▶ [How to complete this task] Produce a word-for-word restatement of the lines from the line with "Which damaged spots" to the end of the listing below, inclusive.

*** Block opens ***

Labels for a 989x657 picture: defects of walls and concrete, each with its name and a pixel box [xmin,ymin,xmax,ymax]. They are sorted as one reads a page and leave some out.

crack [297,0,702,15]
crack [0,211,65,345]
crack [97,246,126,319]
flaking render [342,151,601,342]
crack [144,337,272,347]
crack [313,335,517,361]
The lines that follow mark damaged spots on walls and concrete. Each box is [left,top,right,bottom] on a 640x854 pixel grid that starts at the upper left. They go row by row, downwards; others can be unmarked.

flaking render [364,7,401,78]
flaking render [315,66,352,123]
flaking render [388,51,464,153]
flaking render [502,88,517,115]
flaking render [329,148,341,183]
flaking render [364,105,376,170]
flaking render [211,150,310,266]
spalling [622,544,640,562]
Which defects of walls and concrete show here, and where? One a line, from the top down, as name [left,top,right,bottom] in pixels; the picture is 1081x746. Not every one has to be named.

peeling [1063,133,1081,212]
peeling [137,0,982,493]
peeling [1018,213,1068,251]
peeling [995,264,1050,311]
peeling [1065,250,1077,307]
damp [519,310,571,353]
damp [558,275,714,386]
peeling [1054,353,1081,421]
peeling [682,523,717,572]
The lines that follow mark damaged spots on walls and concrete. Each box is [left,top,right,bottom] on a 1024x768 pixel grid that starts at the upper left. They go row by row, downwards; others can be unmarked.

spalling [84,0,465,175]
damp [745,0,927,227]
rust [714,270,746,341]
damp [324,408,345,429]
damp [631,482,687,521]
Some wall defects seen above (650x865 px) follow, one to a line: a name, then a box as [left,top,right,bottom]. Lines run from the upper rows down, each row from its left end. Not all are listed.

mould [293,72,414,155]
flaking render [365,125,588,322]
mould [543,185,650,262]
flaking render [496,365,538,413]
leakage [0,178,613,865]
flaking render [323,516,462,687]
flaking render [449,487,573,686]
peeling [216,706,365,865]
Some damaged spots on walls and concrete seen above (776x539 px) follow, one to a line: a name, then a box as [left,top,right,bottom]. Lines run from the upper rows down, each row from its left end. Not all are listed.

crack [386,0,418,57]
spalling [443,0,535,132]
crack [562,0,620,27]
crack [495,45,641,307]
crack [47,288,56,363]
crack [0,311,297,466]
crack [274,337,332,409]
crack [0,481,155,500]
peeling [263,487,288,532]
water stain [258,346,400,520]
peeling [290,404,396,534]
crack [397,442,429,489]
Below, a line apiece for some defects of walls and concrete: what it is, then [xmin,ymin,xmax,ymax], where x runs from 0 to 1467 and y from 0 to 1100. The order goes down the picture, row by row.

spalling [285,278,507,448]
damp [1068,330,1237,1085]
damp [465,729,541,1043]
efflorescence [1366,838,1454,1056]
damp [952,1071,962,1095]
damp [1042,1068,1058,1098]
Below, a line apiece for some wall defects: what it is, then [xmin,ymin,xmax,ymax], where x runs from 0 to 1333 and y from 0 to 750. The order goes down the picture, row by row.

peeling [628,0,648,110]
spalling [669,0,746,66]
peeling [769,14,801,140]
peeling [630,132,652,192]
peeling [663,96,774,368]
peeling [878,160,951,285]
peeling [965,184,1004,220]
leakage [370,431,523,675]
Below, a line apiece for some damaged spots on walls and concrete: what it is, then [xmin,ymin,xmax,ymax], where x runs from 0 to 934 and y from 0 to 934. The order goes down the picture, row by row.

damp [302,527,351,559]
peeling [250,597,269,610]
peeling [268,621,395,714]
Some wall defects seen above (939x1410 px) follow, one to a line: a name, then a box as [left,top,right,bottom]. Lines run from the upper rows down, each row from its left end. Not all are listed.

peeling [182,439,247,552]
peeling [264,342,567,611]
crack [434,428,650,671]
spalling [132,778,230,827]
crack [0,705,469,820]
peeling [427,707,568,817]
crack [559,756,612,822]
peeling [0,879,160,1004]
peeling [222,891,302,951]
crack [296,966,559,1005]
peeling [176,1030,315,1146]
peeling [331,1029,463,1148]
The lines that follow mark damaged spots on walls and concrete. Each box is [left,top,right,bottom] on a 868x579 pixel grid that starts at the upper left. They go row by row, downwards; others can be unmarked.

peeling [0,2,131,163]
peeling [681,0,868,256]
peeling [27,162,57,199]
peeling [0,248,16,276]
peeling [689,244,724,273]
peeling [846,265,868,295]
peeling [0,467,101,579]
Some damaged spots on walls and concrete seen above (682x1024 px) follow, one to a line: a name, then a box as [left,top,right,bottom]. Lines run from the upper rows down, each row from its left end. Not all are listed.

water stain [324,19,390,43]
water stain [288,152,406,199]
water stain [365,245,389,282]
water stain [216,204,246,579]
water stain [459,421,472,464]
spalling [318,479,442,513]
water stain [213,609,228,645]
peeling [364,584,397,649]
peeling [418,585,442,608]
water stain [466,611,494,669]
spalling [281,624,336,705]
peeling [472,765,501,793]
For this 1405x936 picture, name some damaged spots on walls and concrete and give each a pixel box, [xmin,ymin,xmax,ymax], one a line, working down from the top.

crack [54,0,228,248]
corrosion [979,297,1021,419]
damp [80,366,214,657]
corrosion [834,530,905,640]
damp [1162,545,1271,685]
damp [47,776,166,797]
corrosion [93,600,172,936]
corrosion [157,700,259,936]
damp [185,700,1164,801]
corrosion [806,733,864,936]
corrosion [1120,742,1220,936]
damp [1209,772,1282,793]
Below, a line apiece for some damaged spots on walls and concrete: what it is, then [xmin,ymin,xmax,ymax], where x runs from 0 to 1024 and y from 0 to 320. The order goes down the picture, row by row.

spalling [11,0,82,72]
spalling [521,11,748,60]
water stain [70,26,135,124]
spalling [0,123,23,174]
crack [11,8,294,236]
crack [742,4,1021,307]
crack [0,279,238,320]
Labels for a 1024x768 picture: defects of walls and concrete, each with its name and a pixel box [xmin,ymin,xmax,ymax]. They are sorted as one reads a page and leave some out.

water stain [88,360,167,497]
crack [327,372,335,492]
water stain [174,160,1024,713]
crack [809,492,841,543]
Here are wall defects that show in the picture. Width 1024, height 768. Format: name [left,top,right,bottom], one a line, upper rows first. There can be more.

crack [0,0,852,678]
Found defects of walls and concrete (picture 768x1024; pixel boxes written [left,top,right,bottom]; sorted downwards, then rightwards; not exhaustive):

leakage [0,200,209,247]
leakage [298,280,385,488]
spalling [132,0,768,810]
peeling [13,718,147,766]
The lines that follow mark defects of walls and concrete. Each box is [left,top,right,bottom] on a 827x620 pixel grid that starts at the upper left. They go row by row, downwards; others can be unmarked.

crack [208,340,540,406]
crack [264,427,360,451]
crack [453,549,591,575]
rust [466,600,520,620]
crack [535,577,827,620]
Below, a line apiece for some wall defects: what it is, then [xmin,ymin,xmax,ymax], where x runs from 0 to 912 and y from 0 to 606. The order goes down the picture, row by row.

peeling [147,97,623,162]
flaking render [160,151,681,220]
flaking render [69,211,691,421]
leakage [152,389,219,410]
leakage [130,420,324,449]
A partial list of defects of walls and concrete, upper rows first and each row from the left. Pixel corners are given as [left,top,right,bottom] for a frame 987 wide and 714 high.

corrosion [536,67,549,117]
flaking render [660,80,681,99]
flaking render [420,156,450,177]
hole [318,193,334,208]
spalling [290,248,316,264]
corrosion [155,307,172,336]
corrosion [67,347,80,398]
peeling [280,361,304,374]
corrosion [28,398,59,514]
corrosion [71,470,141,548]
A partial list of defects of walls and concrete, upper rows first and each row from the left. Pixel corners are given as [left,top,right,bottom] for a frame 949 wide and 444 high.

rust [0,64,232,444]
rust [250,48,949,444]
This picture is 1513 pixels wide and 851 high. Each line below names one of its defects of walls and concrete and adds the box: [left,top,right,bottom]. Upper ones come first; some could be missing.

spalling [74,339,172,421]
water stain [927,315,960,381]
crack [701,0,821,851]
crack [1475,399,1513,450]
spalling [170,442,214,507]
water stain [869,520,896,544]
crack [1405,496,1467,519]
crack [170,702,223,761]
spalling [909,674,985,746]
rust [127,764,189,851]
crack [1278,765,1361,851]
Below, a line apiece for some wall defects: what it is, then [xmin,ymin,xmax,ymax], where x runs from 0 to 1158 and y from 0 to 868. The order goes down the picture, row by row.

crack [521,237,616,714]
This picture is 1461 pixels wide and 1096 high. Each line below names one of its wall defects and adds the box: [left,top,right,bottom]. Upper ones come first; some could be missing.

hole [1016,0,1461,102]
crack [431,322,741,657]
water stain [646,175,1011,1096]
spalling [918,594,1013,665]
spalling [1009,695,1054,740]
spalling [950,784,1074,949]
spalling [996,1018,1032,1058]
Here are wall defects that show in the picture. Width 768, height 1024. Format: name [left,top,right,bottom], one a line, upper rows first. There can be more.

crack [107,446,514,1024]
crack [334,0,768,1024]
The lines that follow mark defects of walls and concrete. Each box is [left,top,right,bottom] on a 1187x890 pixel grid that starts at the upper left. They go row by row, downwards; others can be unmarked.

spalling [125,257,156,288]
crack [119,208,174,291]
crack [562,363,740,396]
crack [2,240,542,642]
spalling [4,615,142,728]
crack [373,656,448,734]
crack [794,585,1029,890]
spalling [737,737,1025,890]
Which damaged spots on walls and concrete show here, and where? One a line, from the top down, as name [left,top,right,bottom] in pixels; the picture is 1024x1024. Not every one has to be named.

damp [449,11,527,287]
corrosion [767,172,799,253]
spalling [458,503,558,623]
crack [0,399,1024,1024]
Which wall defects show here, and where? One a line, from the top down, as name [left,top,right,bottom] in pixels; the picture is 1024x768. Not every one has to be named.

*** Block closes ***

▶ [Response box]
Which damaged spots on walls and concrete show here, and where? One a line, from the top down, as name [left,top,right,bottom] in pixels; the picture is 1024x1024. Not every one has to be named.

damp [449,11,527,287]
corrosion [767,172,799,253]
spalling [458,503,558,623]
crack [0,399,1024,1024]
Which wall defects show here, and where? One a line, from the top down, as name [left,top,right,bottom] in pixels; the picture is 1024x768. Not every one has to be named.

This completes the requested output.